Thora venne colta da un’improvvisa inquietudine. C’era qualcosa che la assillava sin da quando era entrata per la prima volta nell’appartamento di Harald: la rivista tedesca Bunte nel bagno. Era ovvio che Harald non era tipo da rotocalchi rosa, e d’altronde la lingua l’avrebbe resa una lettura improbabile per un islandese. Per questo doveva essere arrivato un qualche ospite dalla Germania, una donna. Sulla copertina Tom Cruise e Katie Holmes sorridevano per una futura nascita nella loro famiglia. Un indizio temporale che le sarebbe stato utile per datare l’ipotetica visita dalla Germania, durante la quale Harald si era tenuto alla larga dai suoi amici. Thora compose il numero di cellulare di Matthew, che rispose al terzo squillo.

«Dove sei, ti sto disturbando?» chiese sentendo dei rumori di sottofondo.

«No, no», rispose lui con la bocca palesemente piena. Dopo aver ingoiato il boccone, riprese: «Sono andato a cena fuori. Sto mangiando della carne. Che è successo? Vuoi venire a prenderti il dolce con me?»

«Eh? No, grazie», rispose Thora a malincuore. Le piaceva molto andare a cena fuori, indossare abiti eleganti e brindare in bicchieri che sarebbe poi toccato a qualcun altro lavare. «Domani è un giorno di scuola e devo provvedere a mandare i miei figli a letto a un’ora decente. No, ti ho telefonato solamente per chiederti se avevi il numero della donna delle pulizie di Harald. Ho il sospetto che in casa ci fosse qualcuno pochi giorni prima dell’omicidio, qualcuno che probabilmente vi pernottava. E tutte le indicazioni portano a concludere che si trattasse di una donna tedesca.»
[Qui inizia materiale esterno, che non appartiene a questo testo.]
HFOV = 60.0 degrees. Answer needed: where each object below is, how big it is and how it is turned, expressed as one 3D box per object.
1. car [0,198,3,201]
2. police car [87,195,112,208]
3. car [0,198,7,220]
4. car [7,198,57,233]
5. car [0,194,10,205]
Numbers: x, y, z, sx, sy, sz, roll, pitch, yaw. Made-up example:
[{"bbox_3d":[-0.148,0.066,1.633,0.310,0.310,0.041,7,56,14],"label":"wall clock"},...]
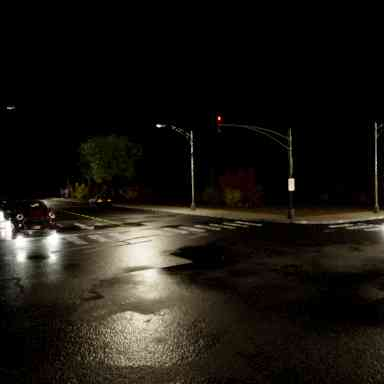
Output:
[{"bbox_3d":[-20.592,1.417,37.210,2.128,1.511,4.902,-2,1,-32],"label":"car"},{"bbox_3d":[-11.615,1.206,41.416,2.038,1.542,4.974,-2,1,-32],"label":"police car"},{"bbox_3d":[-14.685,1.466,27.927,1.812,1.442,4.674,-2,1,-33],"label":"car"},{"bbox_3d":[-9.451,1.304,19.668,2.097,1.767,4.553,-2,1,-32],"label":"car"},{"bbox_3d":[-28.679,1.108,50.042,1.994,1.385,4.181,-2,1,-33],"label":"car"}]

«Sì, dovrei averlo nella memoria del mio cellulare. Vuoi che la chiami io? L’ho già sentita un paio di volte e parla un ottimo inglese. Forse è la cosa più semplice da fare. Lei non ti conosce per niente, ma di me si ricorda di certo perché sono stato io a pagarle l’ultimo conto in sospeso.»
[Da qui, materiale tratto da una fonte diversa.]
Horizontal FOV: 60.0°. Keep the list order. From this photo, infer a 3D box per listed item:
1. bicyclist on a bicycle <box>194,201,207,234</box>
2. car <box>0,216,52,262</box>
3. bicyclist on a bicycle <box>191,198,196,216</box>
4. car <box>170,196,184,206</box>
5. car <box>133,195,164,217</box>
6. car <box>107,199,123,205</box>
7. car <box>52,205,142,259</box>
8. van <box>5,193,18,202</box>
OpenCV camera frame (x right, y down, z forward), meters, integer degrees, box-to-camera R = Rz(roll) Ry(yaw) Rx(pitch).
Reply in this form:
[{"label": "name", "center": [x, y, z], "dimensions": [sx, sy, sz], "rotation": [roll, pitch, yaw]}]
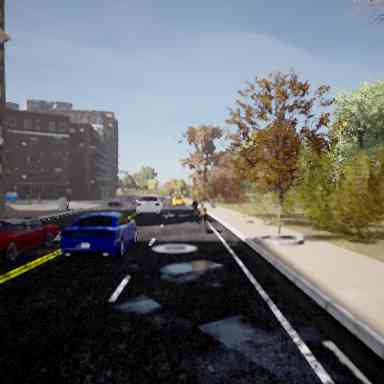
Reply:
[{"label": "bicyclist on a bicycle", "center": [0.603, 1.470, 18.603], "dimensions": [0.582, 1.620, 1.656], "rotation": [0, 0, -2]}, {"label": "car", "center": [-6.742, 1.618, 12.325], "dimensions": [1.895, 1.301, 4.718], "rotation": [0, 0, -1]}, {"label": "bicyclist on a bicycle", "center": [0.252, 1.397, 28.534], "dimensions": [0.659, 1.776, 1.843], "rotation": [0, 0, -2]}, {"label": "car", "center": [-2.324, 1.523, 56.713], "dimensions": [1.882, 1.535, 5.008], "rotation": [0, 0, -5]}, {"label": "car", "center": [-3.924, 1.255, 31.451], "dimensions": [2.150, 2.045, 5.566], "rotation": [0, 0, -3]}, {"label": "car", "center": [-11.743, 1.656, 51.079], "dimensions": [1.895, 1.301, 4.718], "rotation": [0, 0, -5]}, {"label": "car", "center": [-3.305, 1.492, 12.661], "dimensions": [1.882, 1.535, 5.008], "rotation": [0, 0, -1]}, {"label": "van", "center": [-33.788, 0.979, 60.568], "dimensions": [3.998, 1.788, 1.690], "rotation": [1, -1, -34]}]

Thora accettò l’aiuto di Matthew, che promise di richiamarla subito. Per sfruttare l’attesa mise il pigiama a sua figlia, e stava lavandole i denti quando lui la richiamò. Thora ancorò il cellulare tra la spalla e la guancia, così poté sia parlare sia continuare a occuparsi dell’igiene dentale della prole.

«Ascolta, la signora mi ha detto che il letto della stanza degli ospiti era stato usato. E che nel bagno c’erano degli oggetti, come un rasoio da donna monouso, che confermerebbero la tua teoria.»

«L’ha fatto sapere alla polizia?» chiese Thora.

«No, pensava che non importasse, dato che Harald non era stato ucciso a casa sua. Inoltre ha confermato un certo andirivieni di ospiti nell’appartamento, spesso più di uno per volta. Quell’ultimo in particolare non le aveva creato gli stessi problemi degli altri, che spesso organizzavano serate scatenate dentro casa.»